I usually think your posts are good. Great even. But this one? Absolutely so perfect it will be so helpful to be the pond. I had never thought of doing that, then drawing. THANK YOU for this most wonderful of posts. There is a big grateful fish swimming around right now 🙂

Jonny Fernandez
Jonny Fernandez
1 year ago

V, thanks for sharing,
I/my children felts into same feelings, looking to find the good thing in this difficult, sadness hardest unpredictable time.
Being kind with ourselves and with our pure sweetie kids is how we found the whole world is swimming into the same direction, facing similar family challenges and hoping sooner the virus is over and we all be able to celebrate we stayed healthy.
Love you all guys 🥰☘️!

Marsha
Marsha
1 year ago

Awesome!

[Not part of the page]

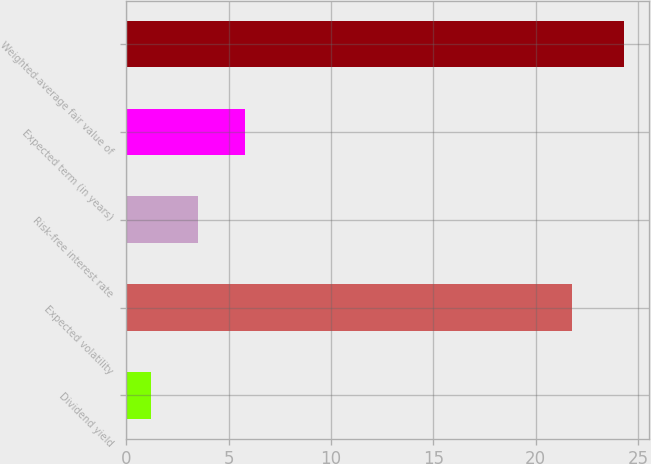Convert chart to OTSL. <chart><loc_0><loc_0><loc_500><loc_500><bar_chart><fcel>Dividend yield<fcel>Expected volatility<fcel>Risk-free interest rate<fcel>Expected term (in years)<fcel>Weighted-average fair value of<nl><fcel>1.2<fcel>21.8<fcel>3.51<fcel>5.82<fcel>24.34<nl></chart> 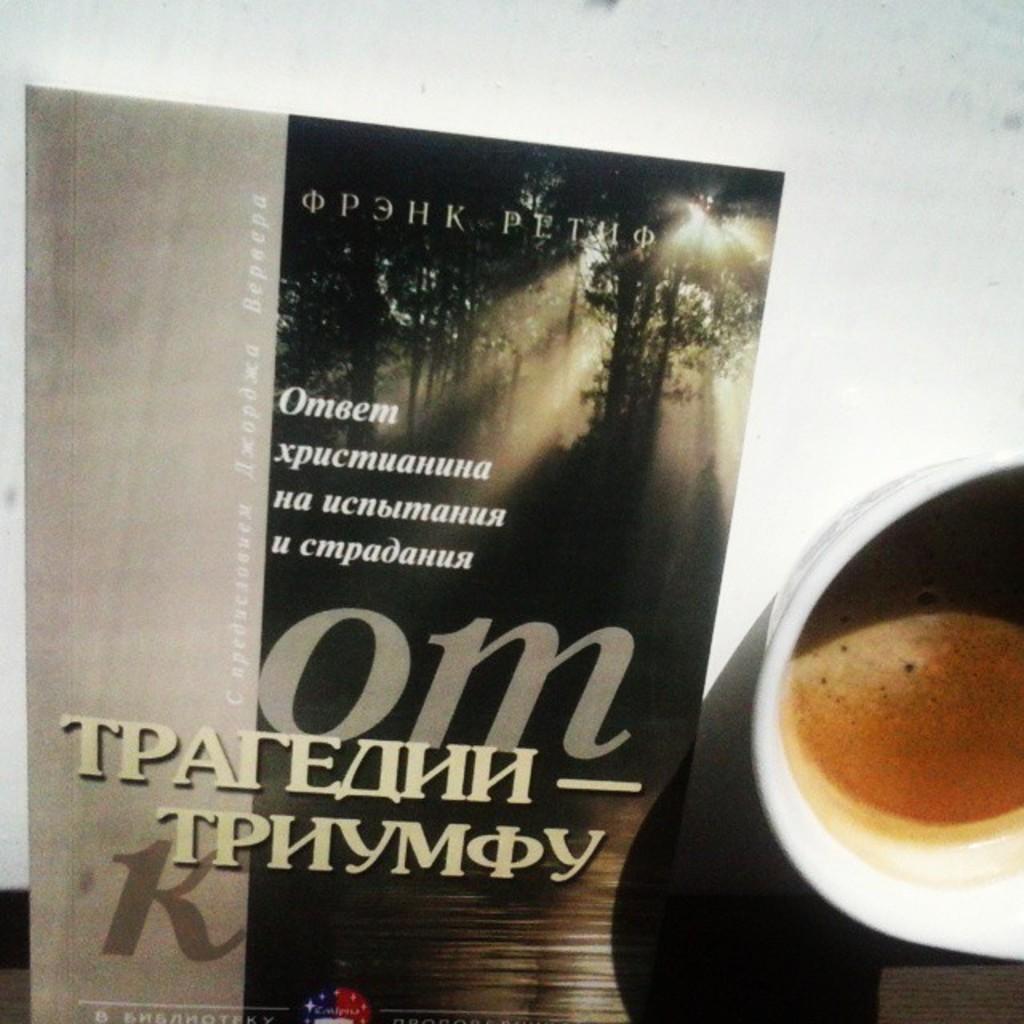In one or two sentences, can you explain what this image depicts? In the center of the image we can see one table and a few other objects. On the table, we can see one cup and poster. In the cup, we can see some liquid, which is in brown color. On the poster, we can see trees and some text.

I’m going to do this myself.

Leslie
Leslie
1 year ago

Love this so much. Going to try with E. Xoxo

Jeanne Waters
1 year ago

I love the pond meditation…Very good. It makes real for me the idea that “You are not your thoughts.”
Pluto the Dog is GREAT!

Ashima
Ashima
1 year ago

Thanks for the reminder that my kiddo is struggling too. Sometimes I get so wrapped up in myself that I forget about those around me. Thanks for this.